The first time she linked to her Avatar was unsettling. She felt no pain, and she could move. Still, she did everything that she was told to, obeying the medical staff like she always had – at least while they were watching.

She had heard about wheelchair guy – Sully – how he had smashed up the decanting room in his euphoria at being able to walk again. Nadia was not going to be like that – the damage he caused took two days to fix. Two days that she had to wait. She could have screamed at his selfishness.

Nadia was too disciplined to let others see what she was feeling. She just went through the training that she was required to do, and made sure she did it better than anyone else. Still, it was strange being able to hear everything again. Her voice sounded different to what she remembered.

When she unlinked, Nadia felt the scars on her back pulling tight, restricting her movement like always, and the curtain of endless agony descended. But she didn't let that stop her. It was only pain. As long as she didn't let herself feel anything, she would be fine.

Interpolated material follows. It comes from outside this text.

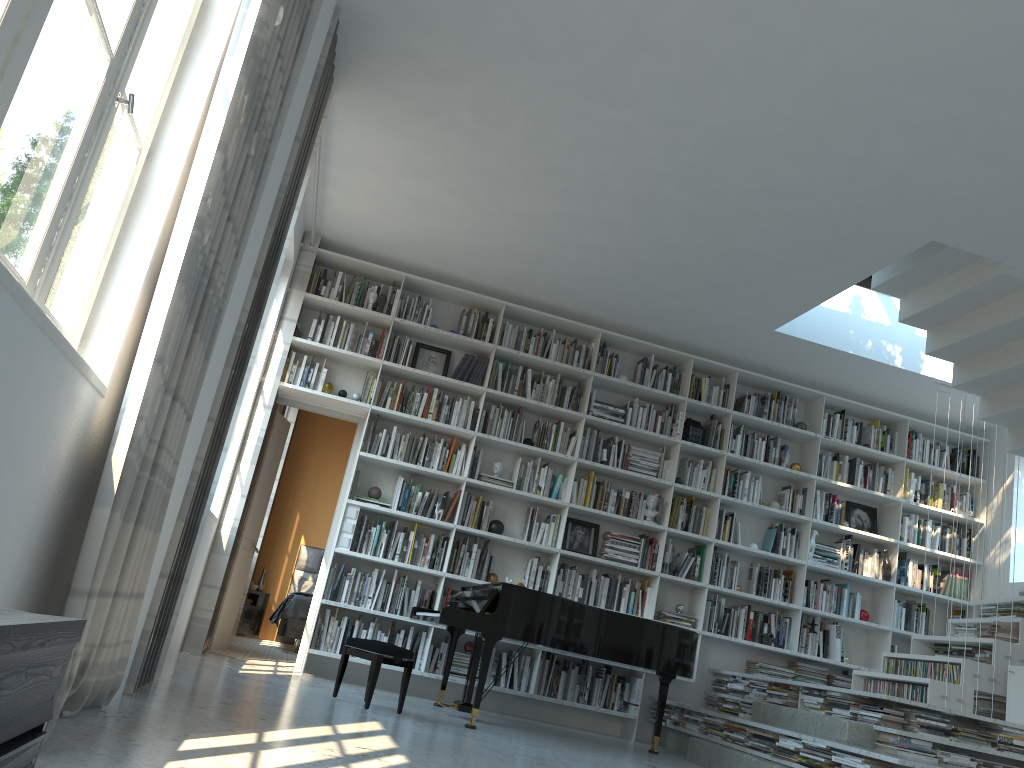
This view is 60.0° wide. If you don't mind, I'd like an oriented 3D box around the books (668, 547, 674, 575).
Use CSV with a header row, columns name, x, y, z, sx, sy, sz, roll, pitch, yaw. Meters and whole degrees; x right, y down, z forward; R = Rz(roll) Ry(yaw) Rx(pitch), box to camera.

A couple of weeks later she was flown out with her Avatar to site thirty-one, to work as an assistant to a bio-team. Site thirty-one was in the Hallelujah Mountains – no, it was on one of them – one of the largest of the floating mountains, but it was not connected to any of the others by aerial root systems. So there were no predators – at least land predators. There was always the chance of attack by banshees, and there was danger from both plants and insects.

The two researchers on the bio-team – Chandrasekhar and Martinez – were xeno-entomologists, studying Pandoran insect analogues and how they interacted with plants. They were quite pleasant, and the work wasn't too bad, but she had no real connection with them. In any case, most of the time they used the link units back at Hell's Gate to hook up to their Avatars, which meant at night she was the only person at site thirty-one. Someone had to make sure the Avatars were ok, after all, and the two researchers were only too happy to work out of Hell's Gate rather than the outstation.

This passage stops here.